**Exercise prompt**
Restate the entries below in full, exactly as they read, but without pictures.

**Entries supplied**
■ ■ ■ ■ ■
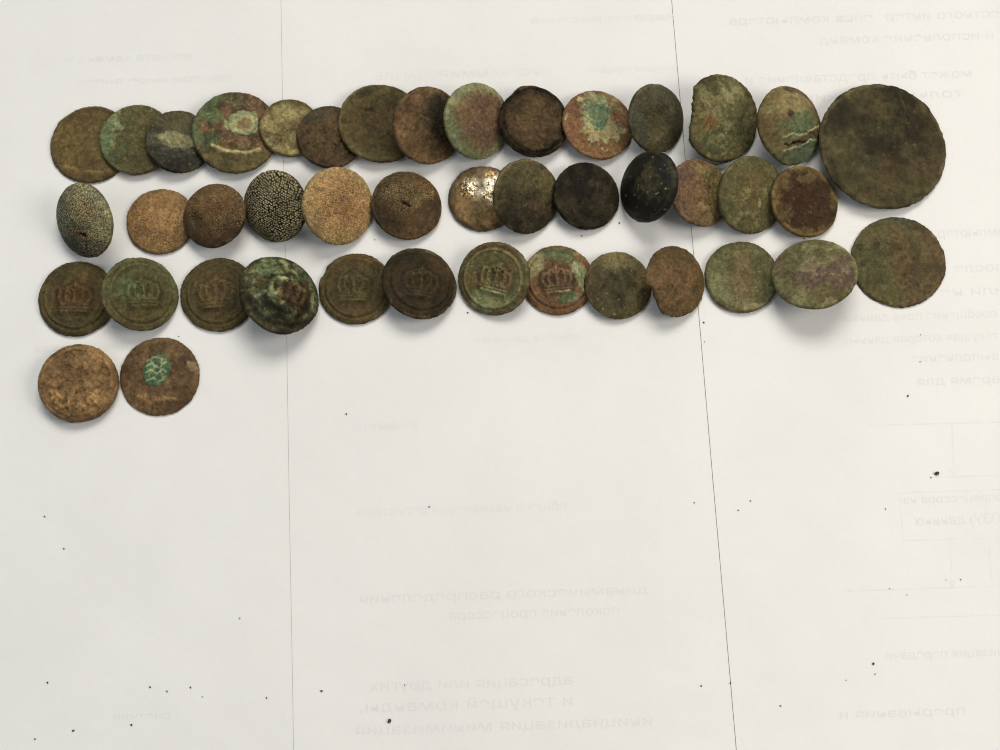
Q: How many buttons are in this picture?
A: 43
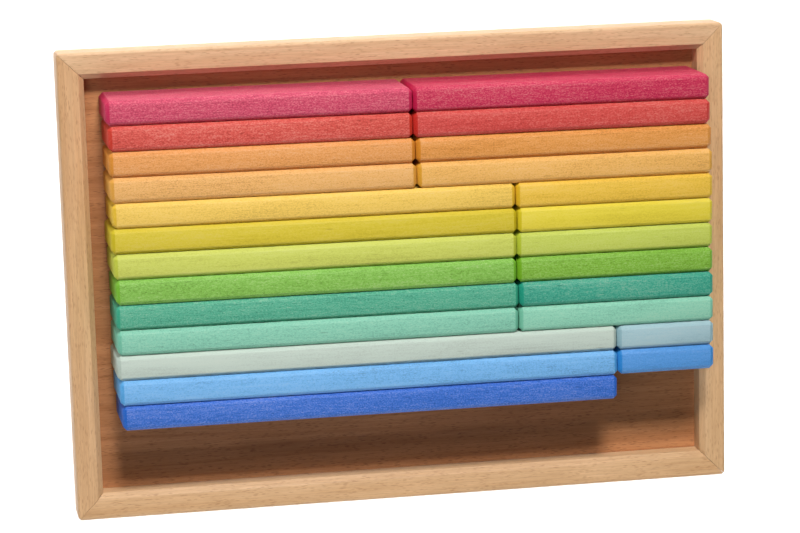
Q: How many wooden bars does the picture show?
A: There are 25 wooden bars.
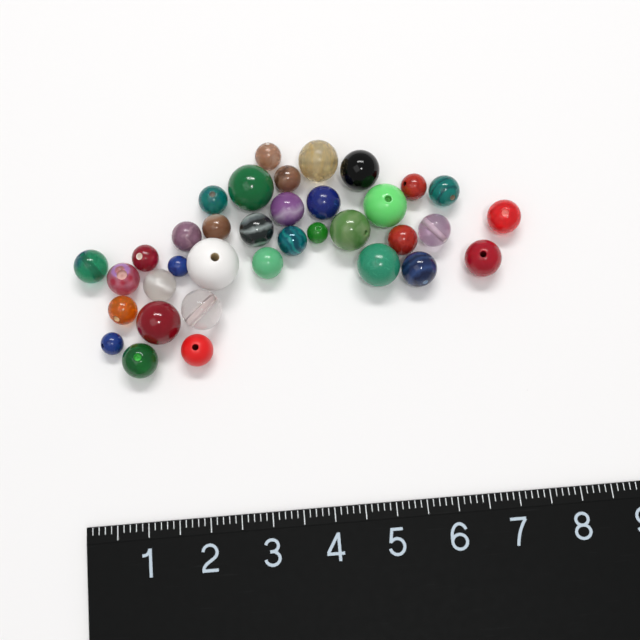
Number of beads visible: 36
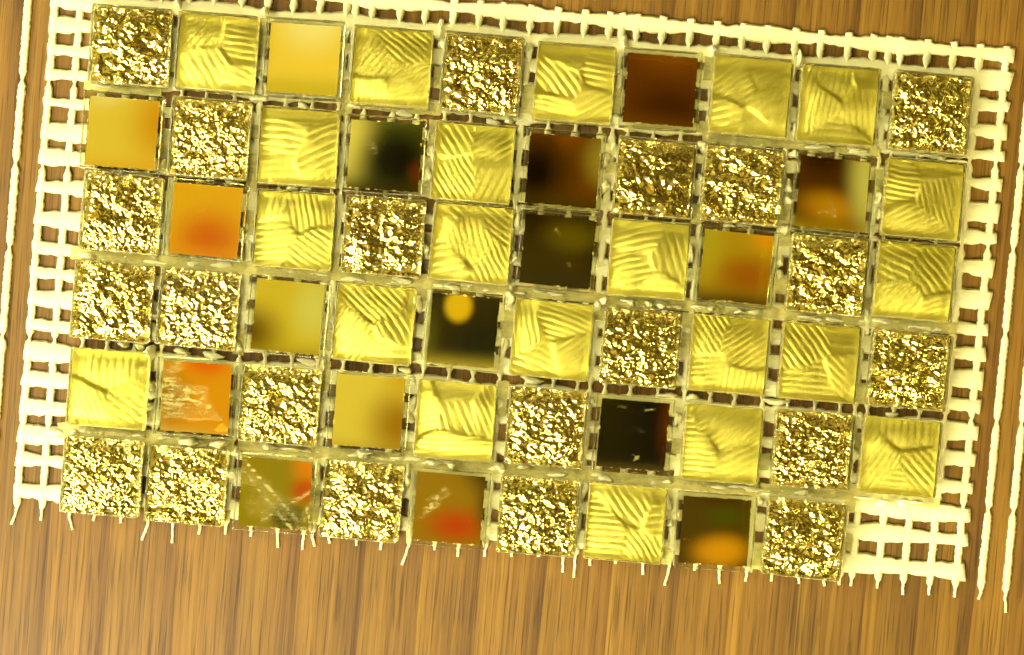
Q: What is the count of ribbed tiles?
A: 21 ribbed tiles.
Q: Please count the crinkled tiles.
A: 21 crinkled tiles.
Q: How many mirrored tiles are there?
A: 17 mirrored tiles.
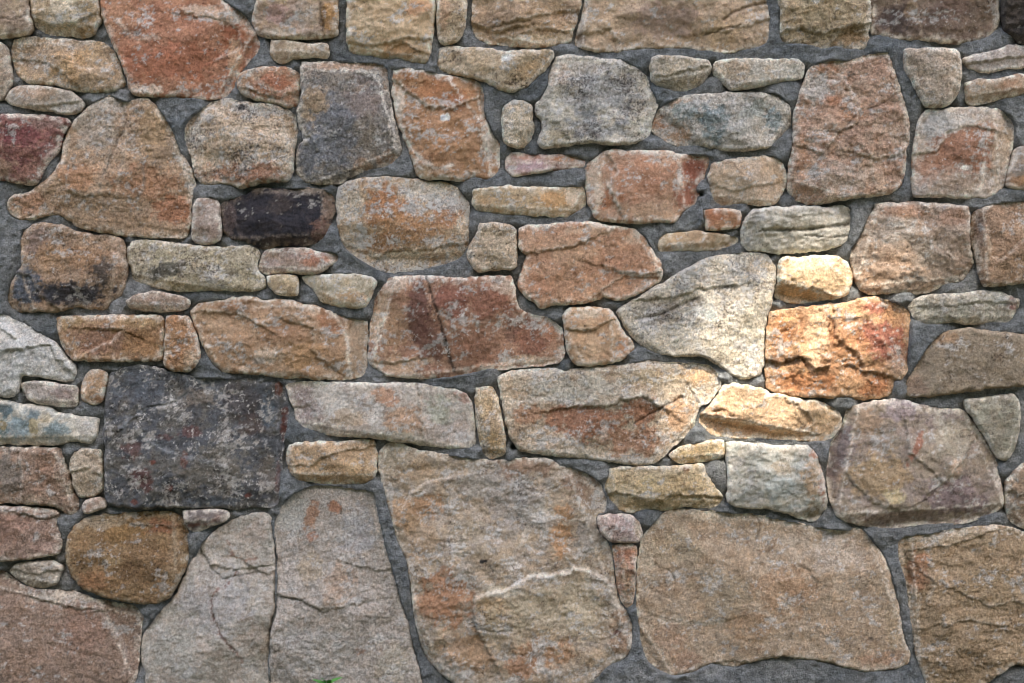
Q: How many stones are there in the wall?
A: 94
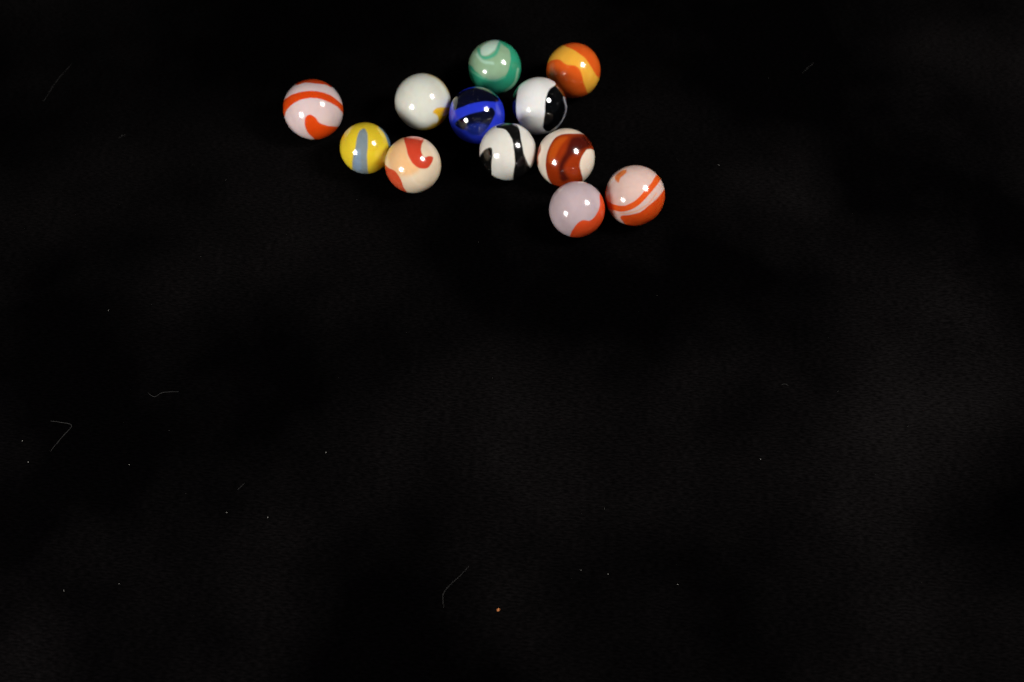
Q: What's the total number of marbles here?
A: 12
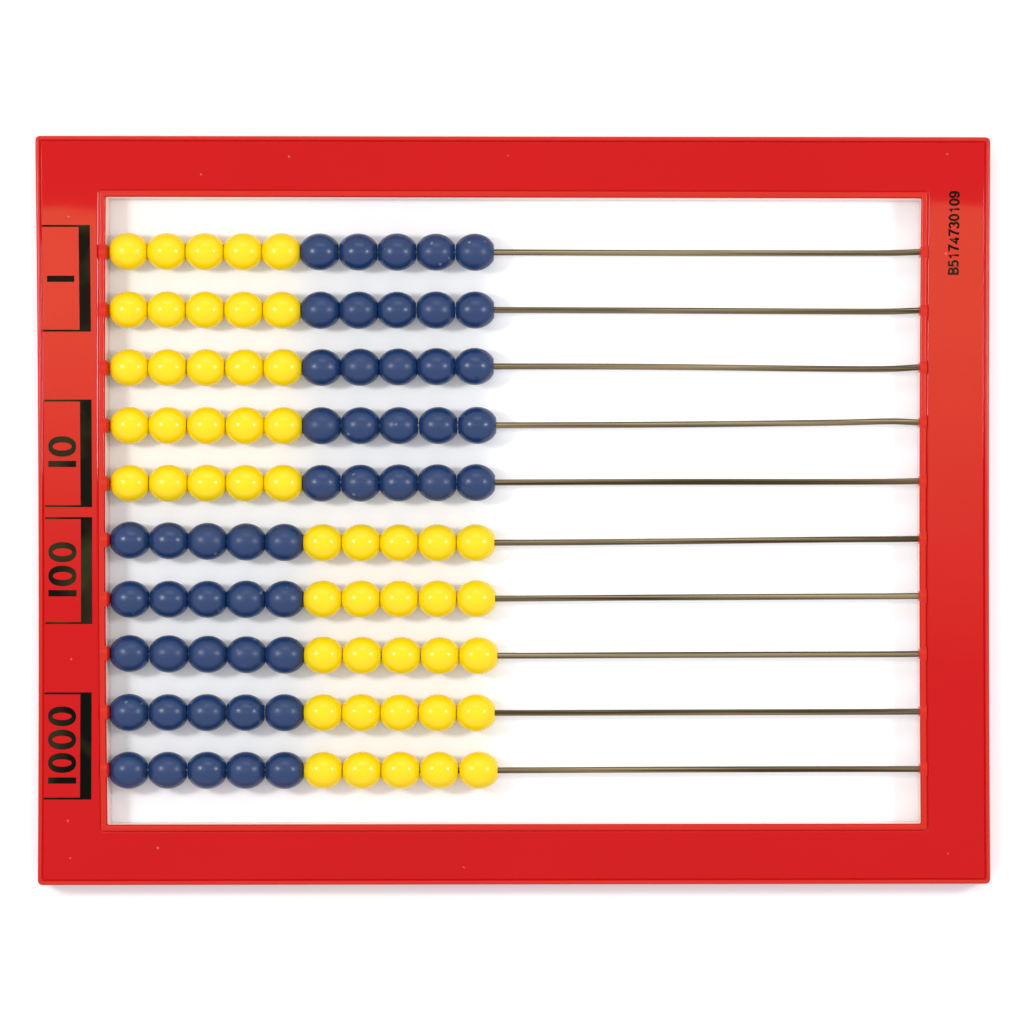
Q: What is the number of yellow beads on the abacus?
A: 50
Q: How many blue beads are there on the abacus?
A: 50
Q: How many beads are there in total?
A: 100
■ ■ ■ ■ ■
**Written solution**
Q: How many buttons are in this picture?
A: 43
Q: How many wooden bars does the picture show?
A: There are 25 wooden bars.
Number of beads visible: 36
Q: What is the count of ribbed tiles?
A: 21 ribbed tiles.
Q: Please count the crinkled tiles.
A: 21 crinkled tiles.
Q: How many mirrored tiles are there?
A: 17 mirrored tiles.
Q: How many stones are there in the wall?
A: 94
Q: What's the total number of marbles here?
A: 12
Q: What is the number of yellow beads on the abacus?
A: 50
Q: How many blue beads are there on the abacus?
A: 50
Q: How many beads are there in total?
A: 100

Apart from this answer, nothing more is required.